On Aug. 16, an appellate panel granted the stay request in part, upholding the injunction only in the 9th Circuit. East Bay Sanctuary Covenant v. Barr, 2019 DJDAR 7840. Thus, as of that date, individuals who transited through a third country and entered in California or Arizona would be eligible for asylum but those entering through New Mexico or Texas would not. While the appeal on the merits moved forward, the court left open the possibility that the district court could consider additional evidence to support issuance of a nationwide injunction. Judge A. Wallace Tashima dissented from the partial stay, expressing concern that the majority's "split-the-baby" approach, undermined the recognized need for uniformity in the application of immigration policy. The government appealed the partial denial, asking the Supreme Court to stay the policy in the 9th Circuit as well.

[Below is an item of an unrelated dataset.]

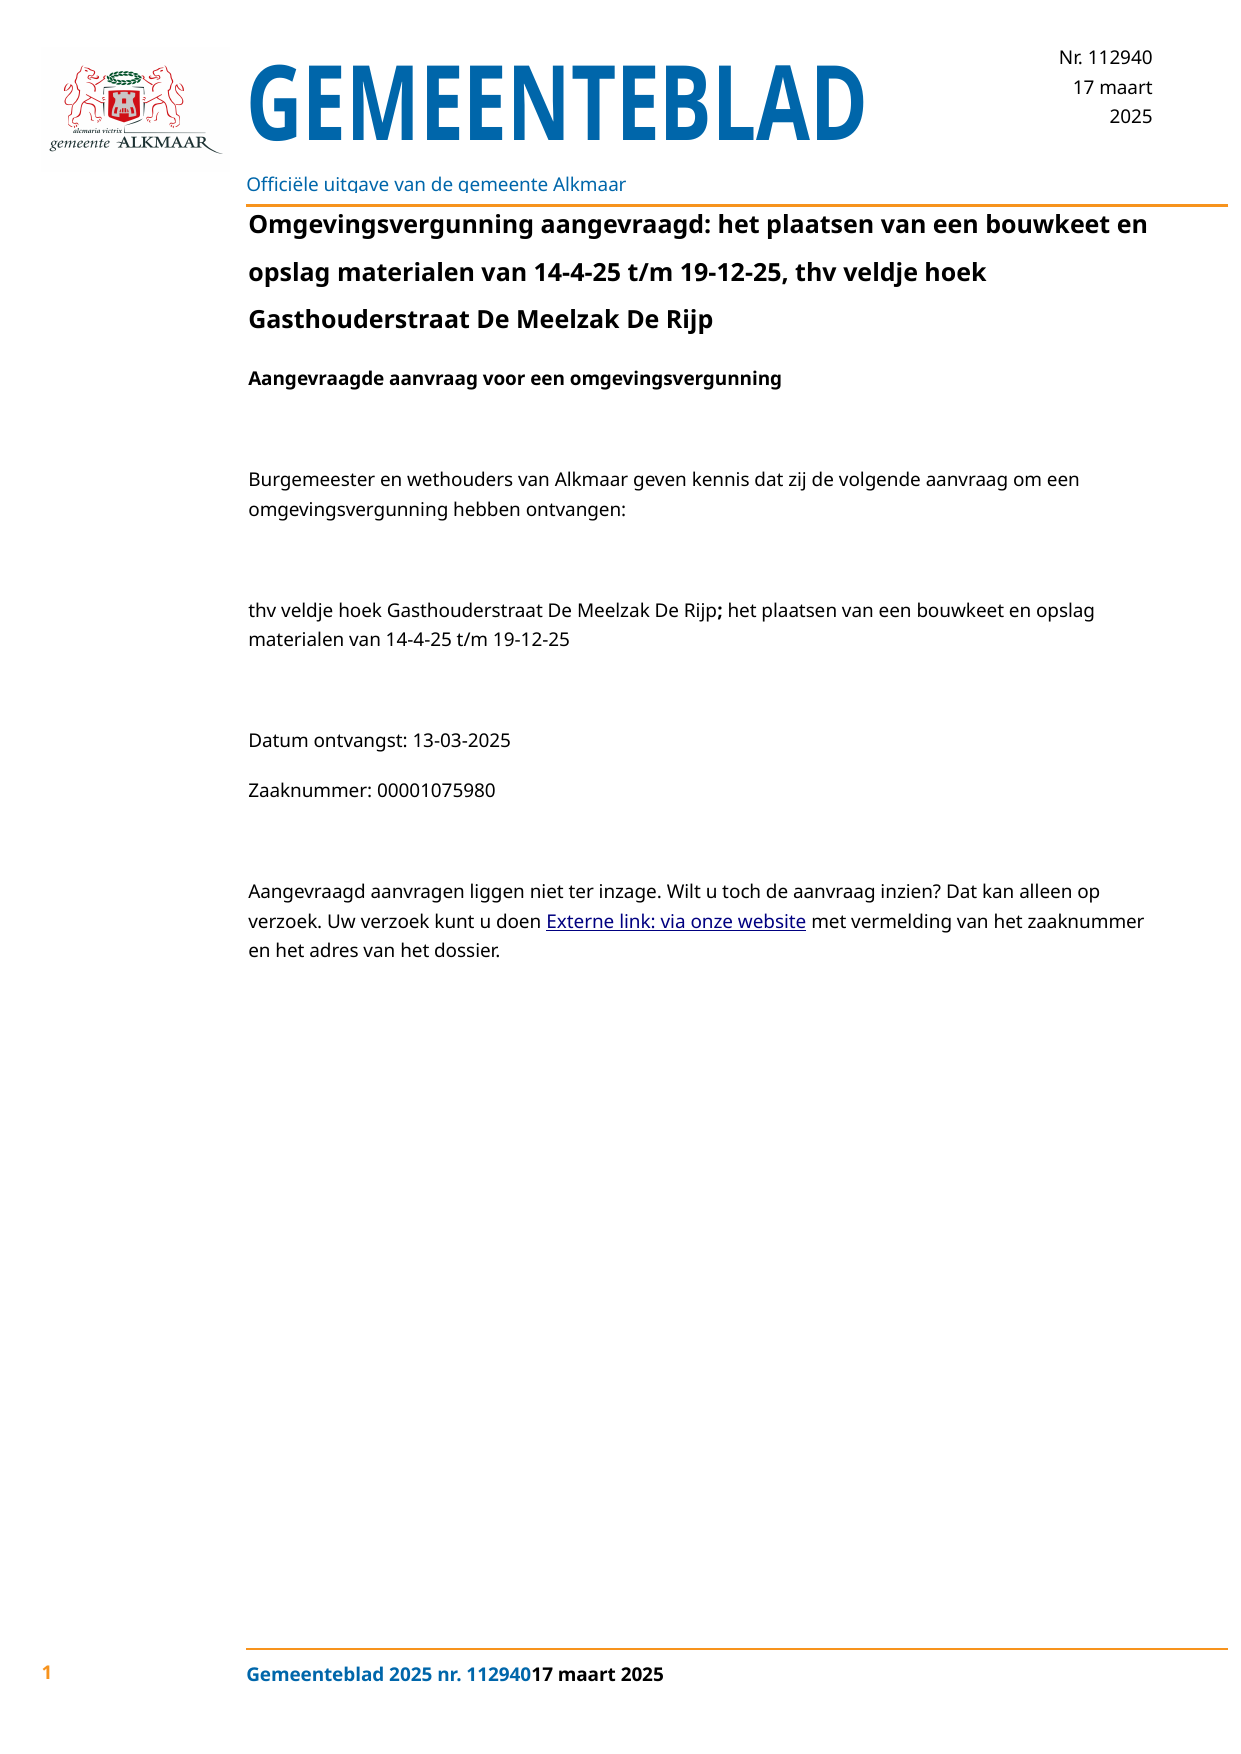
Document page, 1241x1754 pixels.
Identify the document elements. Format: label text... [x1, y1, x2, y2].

The plaintiffs, represented by the ACLU, Center for Constitutional Rights, and Southern Poverty Law Center, introduced additional evidence before District Judge Jon S. Tigar who restored the nationwide scope of the injunction on Sept. 9. The next day, the Court of Appeals granted an "administrative stay," temporarily halting the nationwide injunction while the court considered a request to stay the injunction pending appeal, for which briefing is to be completed by next week. Then Wednesday, leapfrogging that process, the Supreme Court stayed both injunctions issued by Judge Tigar, allowing the rule to go back into effect across the country while the litigation remains ongoing. The majority offered no reasoning for its grant of the stay (a decision at odds with its refusal to stay an injunction of the administration's previous asylum ban that denied asylum to individuals who crossed the border outside a port of entry).

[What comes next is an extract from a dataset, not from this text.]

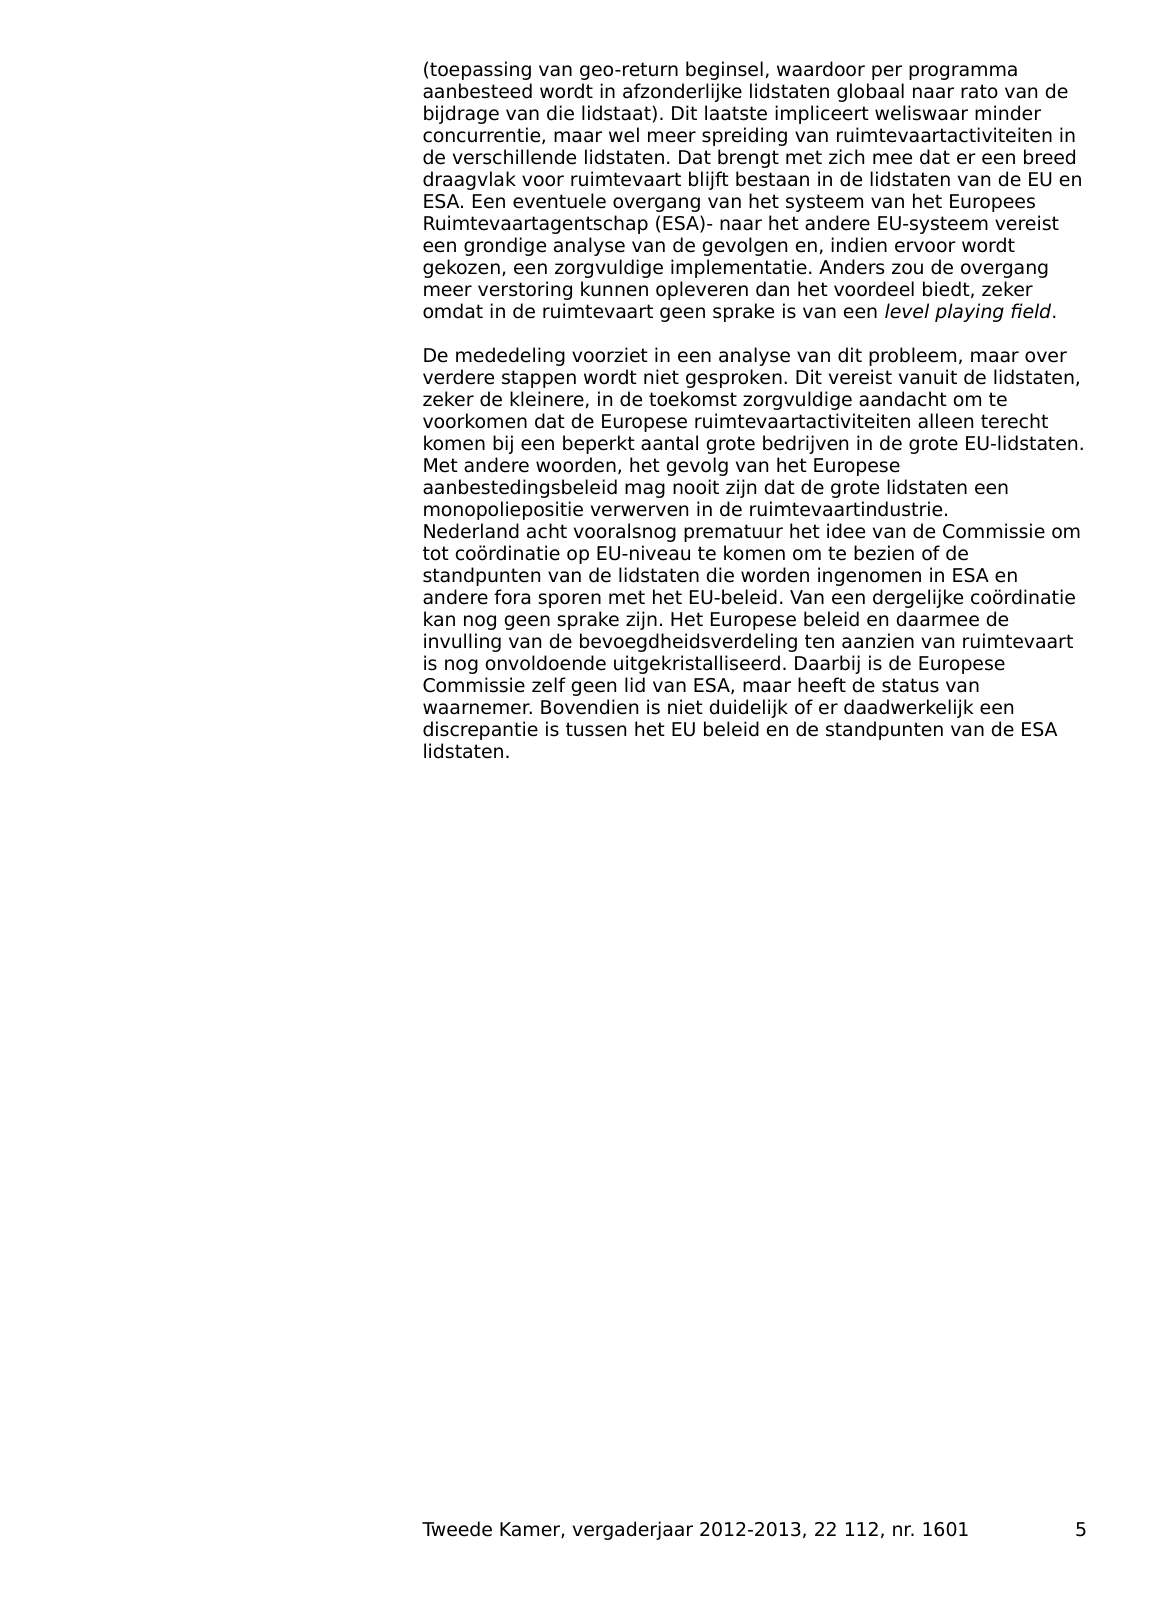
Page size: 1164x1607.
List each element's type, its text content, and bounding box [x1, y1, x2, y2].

text (toepassing van geo-return beginsel, waardoor per programma aanbesteed wordt in afzonderlijke lidstaten globaal naar rato van de bijdrage van die lidstaat). Dit laatste impliceert weliswaar minder concurrentie, maar wel meer spreiding van ruimtevaartactiviteiten in de verschillende lidstaten. Dat brengt met zich mee dat er een breed draagvlak voor ruimtevaart blijft bestaan in de lidstaten van de EU en ESA. Een eventuele overgang van het systeem van het Europees Ruimtevaartagentschap (ESA)- naar het andere EU-systeem vereist een grondige analyse van de gevolgen en, indien ervoor wordt gekozen, een zorgvuldige implementatie. Anders zou de overgang meer verstoring kunnen opleveren dan het voordeel biedt, zeker omdat in de ruimtevaart geen sprake is van een level playing field. [422, 59, 1087, 323]
text De mededeling voorziet in een analyse van dit probleem, maar over verdere stappen wordt niet gesproken. Dit vereist vanuit de lidstaten, zeker de kleinere, in de toekomst zorgvuldige aandacht om te voorkomen dat de Europese ruimtevaartactiviteiten alleen terecht komen bij een beperkt aantal grote bedrijven in de grote EU-lidstaten. Met andere woorden, het gevolg van het Europese aanbestedingsbeleid mag nooit zijn dat de grote lidstaten een monopoliepositie verwerven in de ruimtevaartindustrie. [422, 345, 1087, 521]
text Nederland acht vooralsnog prematuur het idee van de Commissie om tot coördinatie op EU-niveau te komen om te bezien of de standpunten van de lidstaten die worden ingenomen in ESA en andere fora sporen met het EU-beleid. Van een dergelijke coördinatie kan nog geen sprake zijn. Het Europese beleid en daarmee de invulling van de bevoegdheidsverdeling ten aanzien van ruimtevaart is nog onvoldoende uitgekristalliseerd. Daarbij is de Europese Commissie zelf geen lid van ESA, maar heeft de status van waarnemer. Bovendien is niet duidelijk of er daadwerkelijk een discrepantie is tussen het EU beleid en de standpunten van de ESA lidstaten. [422, 521, 1087, 763]

Justice Sonia Sotomayor joined by Justice Ruth Bader Ginsburg dissented, voicing special concern that the rule "topples decades of settled asylum practices and affects some of the most vulnerable people in the Western Hemisphere -- without affording the public a chance to weigh in." The dissent also cautioned against the Supreme Court's intervention at this point in the process, which "risks undermining the interbranch governmental processes that encourage deliberation, public participation, and transparency." The appeal on the merits of the injunction continues and the 9th Circuit will hear arguments in December.

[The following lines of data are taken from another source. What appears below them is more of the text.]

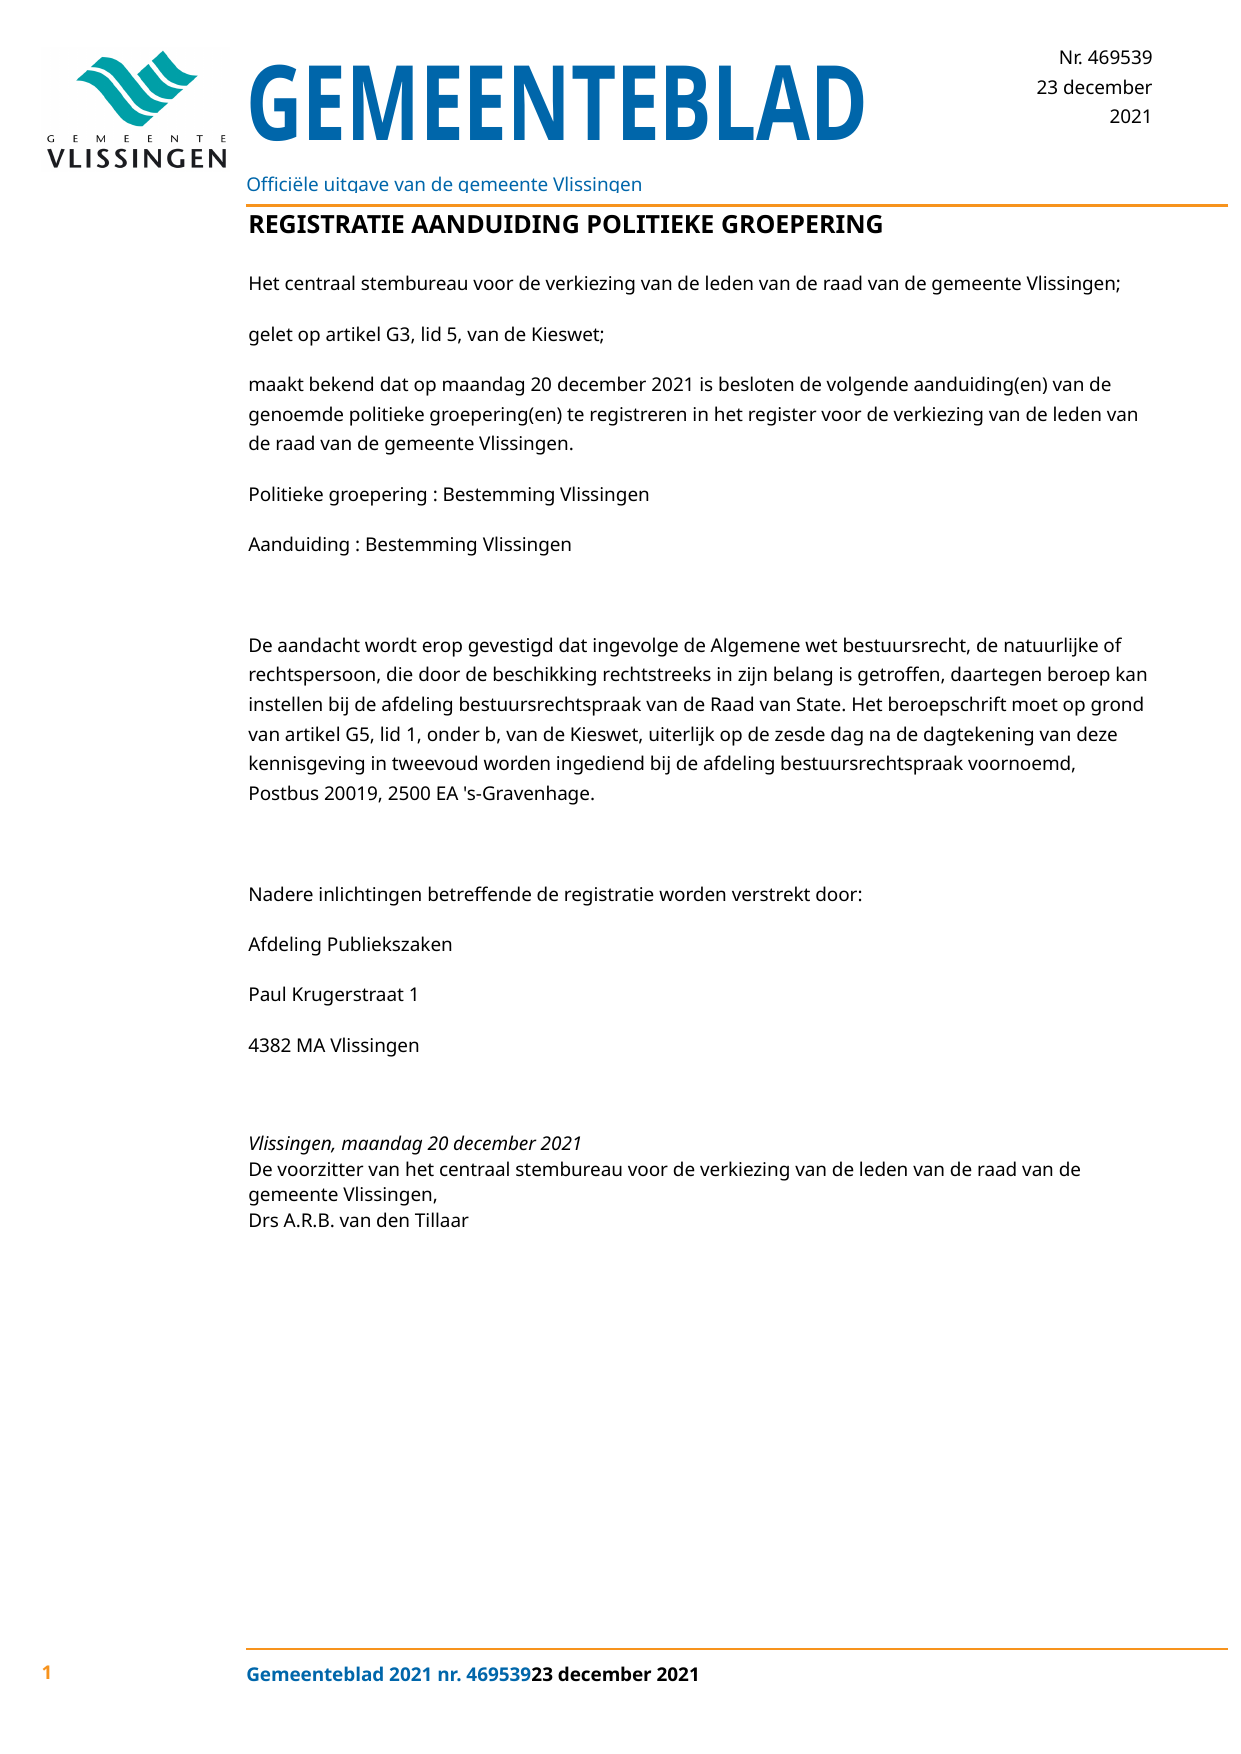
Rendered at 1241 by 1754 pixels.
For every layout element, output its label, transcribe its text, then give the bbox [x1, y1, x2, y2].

text REGISTRATIE AANDUIDING POLITIEKE GROEPERING [248, 207, 1152, 241]
text Drs A.R.B. van den Tillaar [248, 1207, 1152, 1233]
text Politieke groepering : Bestemming Vlissingen [248, 481, 1152, 506]
text maakt bekend dat op maandag 20 december 2021 is besloten de volgende aanduiding(en) van de genoemde politieke groepering(en) te registreren in het register voor de verkiezing van de leden van de raad van de gemeente Vlissingen. [248, 371, 1152, 456]
text gelet op artikel G3, lid 5, van de Kieswet; [248, 321, 1152, 346]
text Nadere inlichtingen betreffende de registratie worden verstrekt door: [248, 881, 1152, 906]
picture [41, 47, 231, 172]
text 4382 MA Vlissingen [248, 1032, 1152, 1058]
text De aandacht wordt erop gevestigd dat ingevolge de Algemene wet bestuursrecht, de natuurlijke of rechtspersoon, die door de beschikking rechtstreeks in zijn belang is getroffen, daartegen beroep kan instellen bij de afdeling bestuursrechtspraak van de Raad van State. Het beroepschrift moet op grond van artikel G5, lid 1, onder b, van de Kieswet, uiterlijk op de zesde dag na de dagtekening van deze kennisgeving in tweevoud worden ingediend bij de afdeling bestuursrechtspraak voornoemd, Postbus 20019, 2500 EA 's-Gravenhage. [248, 632, 1152, 806]
text Paul Krugerstraat 1 [248, 982, 1152, 1007]
text Het centraal stembureau voor de verkiezing van de leden van de raad van de gemeente Vlissingen; [248, 270, 1152, 296]
text Vlissingen, maandag 20 december 2021 [248, 1130, 1152, 1156]
text De voorzitter van het centraal stembureau voor de verkiezing van de leden van de raad van de gemeente Vlissingen, [248, 1156, 1152, 1207]
text Afdeling Publiekszaken [248, 931, 1152, 957]
text Aanduiding : Bestemming Vlissingen [248, 531, 1152, 557]

Attorneys have described the last few weeks as whiplash -- in the morning their client may be eligible for critical-life saving protection, but in the afternoon, may be facing deportation to their fate. Individuals fleeing persecution and torture remain eligible for other forms of humanitarian protection. However, they offer no substitute for asylum and impose a higher evidentiary burden that proves insurmountable for many, particularly for the vast majority without legal representation. Practically the rule will send asylum seekers who have not sought protection in Mexico or Guatemala back to those countries, which will undoubtedly result in their return to dangerous conditions without a modicum of protection. Even if ultimately blocked, in the meantime, the rule will have severe consequences, eliminating life-or-death protection for people long recognized as meriting asylum under U.S. law. 

Ms. Bookey represented the Center for Gender & Refugee Studies and other nonprofit organizations and law school clinics as amici curiae before the district court as well as the U.S. Supreme Court in this case.